[Records from a data source]
*** Begin section ***
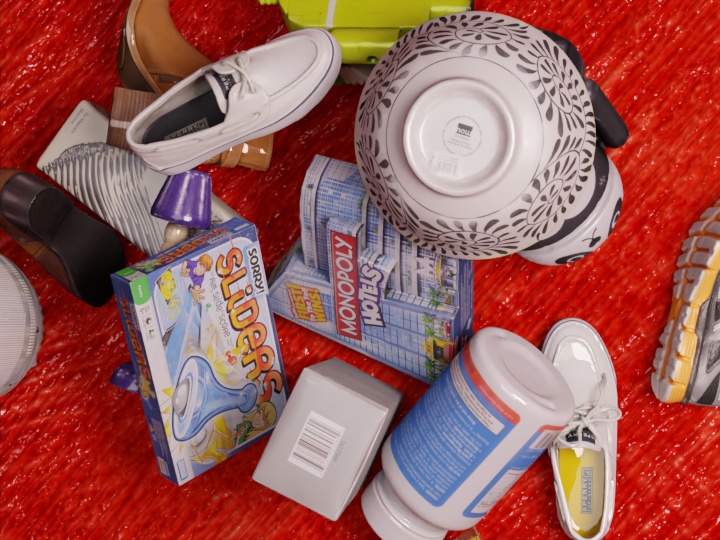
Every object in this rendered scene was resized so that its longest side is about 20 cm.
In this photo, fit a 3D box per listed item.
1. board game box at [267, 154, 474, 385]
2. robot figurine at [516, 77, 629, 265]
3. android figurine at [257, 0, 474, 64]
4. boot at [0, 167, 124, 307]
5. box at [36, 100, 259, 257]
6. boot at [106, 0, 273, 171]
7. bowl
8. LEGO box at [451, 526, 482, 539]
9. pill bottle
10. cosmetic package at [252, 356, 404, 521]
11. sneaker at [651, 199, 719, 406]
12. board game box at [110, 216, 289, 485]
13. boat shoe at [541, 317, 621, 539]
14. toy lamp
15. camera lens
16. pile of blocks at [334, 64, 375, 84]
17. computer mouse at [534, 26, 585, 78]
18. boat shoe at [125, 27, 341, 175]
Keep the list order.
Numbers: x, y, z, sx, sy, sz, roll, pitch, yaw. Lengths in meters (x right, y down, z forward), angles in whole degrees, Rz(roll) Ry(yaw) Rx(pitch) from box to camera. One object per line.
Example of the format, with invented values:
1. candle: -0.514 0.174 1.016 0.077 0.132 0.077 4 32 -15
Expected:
1. board game box: 0.000 0.000 1.293 0.198 0.201 0.062 14 48 17
2. robot figurine: 0.145 -0.090 1.262 0.149 0.200 0.126 -11 48 41
3. android figurine: 0.006 -0.260 1.301 0.197 0.041 0.184 5 62 9
4. boot: -0.330 -0.051 1.355 0.199 0.188 0.069 24 78 31
5. box: -0.198 -0.067 1.358 0.199 0.068 0.083 37 93 7
6. boot: -0.149 -0.184 1.352 0.153 0.077 0.202 9 53 -13
7. bowl: 0.083 -0.105 1.140 0.198 0.094 0.203 1 95 12
8. LEGO box: 0.062 0.351 1.290 0.199 0.077 0.150 -34 103 4
9. pill bottle: 0.087 0.156 1.277 0.112 0.112 0.200 42 114 6
10. cosmetic package: -0.023 0.142 1.267 0.089 0.200 0.108 25 93 8
11. sneaker: 0.322 0.027 1.299 0.076 0.078 0.202 16 93 -6
12. board game box: -0.136 0.071 1.284 0.135 0.034 0.202 -28 120 -33
13. boat shoe: 0.195 0.145 1.297 0.074 0.086 0.205 -1 88 6
14. toy lamp: -0.174 0.008 1.293 0.058 0.058 0.202 16 95 7
15. camera lens: -0.386 0.050 1.310 0.158 0.200 0.162 0 88 6
16. pile of blocks: 0.023 -0.164 1.333 0.199 0.082 0.062 36 133 9
17. computer mouse: 0.109 -0.221 1.341 0.197 0.046 0.142 9 63 -7
18. boat shoe: -0.110 -0.151 1.237 0.198 0.066 0.073 -24 73 9
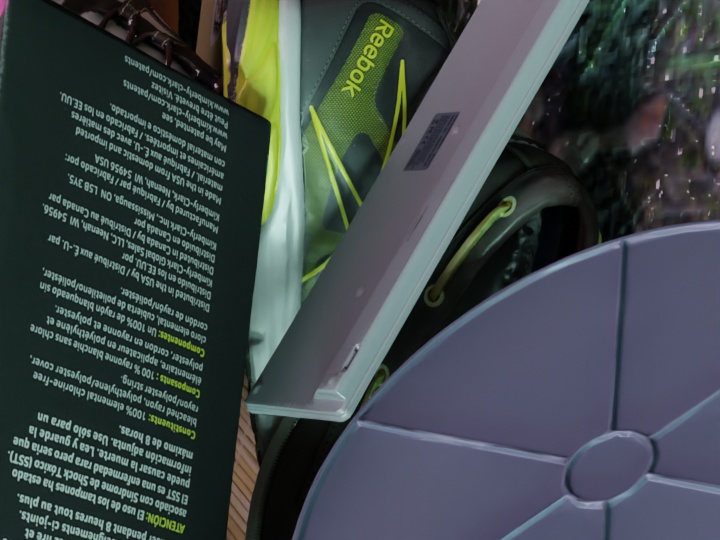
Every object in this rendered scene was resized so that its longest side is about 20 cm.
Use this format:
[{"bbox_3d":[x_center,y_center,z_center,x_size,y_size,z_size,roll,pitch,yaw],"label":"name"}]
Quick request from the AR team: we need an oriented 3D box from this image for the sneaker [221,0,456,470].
[{"bbox_3d":[0.000,0.000,0.895,0.075,0.084,0.201,-102,7,-69],"label":"sneaker"}]

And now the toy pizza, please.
[{"bbox_3d":[0.072,0.063,0.713,0.199,0.032,0.201,-21,35,15],"label":"toy pizza"}]

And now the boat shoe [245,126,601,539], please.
[{"bbox_3d":[0.018,0.053,0.853,0.061,0.071,0.202,41,115,58],"label":"boat shoe"}]

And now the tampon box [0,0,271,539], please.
[{"bbox_3d":[-0.129,0.036,0.809,0.149,0.126,0.201,-7,68,37],"label":"tampon box"}]

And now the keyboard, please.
[{"bbox_3d":[0.028,-0.039,0.824,0.056,0.011,0.201,-6,50,61],"label":"keyboard"}]

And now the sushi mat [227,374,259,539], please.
[{"bbox_3d":[-0.060,0.045,1.040,0.200,0.012,0.096,44,120,53],"label":"sushi mat"}]

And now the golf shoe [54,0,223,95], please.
[{"bbox_3d":[-0.084,-0.070,0.962,0.094,0.200,0.078,13,61,50],"label":"golf shoe"}]

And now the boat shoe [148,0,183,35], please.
[{"bbox_3d":[-0.094,-0.156,1.069,0.070,0.070,0.201,-113,36,-62],"label":"boat shoe"}]

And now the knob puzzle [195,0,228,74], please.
[{"bbox_3d":[-0.019,-0.170,0.994,0.220,0.030,0.221,-170,90,-75],"label":"knob puzzle"}]
*** End section ***
:: Work to be completed ::
Transcribe the entries above exactly, from their first line through the line with "8. LEGO box at [451, 526, 482, 539]", and omit all pictures.

:: Task answer ::
Every object in this rendered scene was resized so that its longest side is about 20 cm.
In this photo, fit a 3D box per listed item.
1. board game box at [267, 154, 474, 385]
2. robot figurine at [516, 77, 629, 265]
3. android figurine at [257, 0, 474, 64]
4. boot at [0, 167, 124, 307]
5. box at [36, 100, 259, 257]
6. boot at [106, 0, 273, 171]
7. bowl
8. LEGO box at [451, 526, 482, 539]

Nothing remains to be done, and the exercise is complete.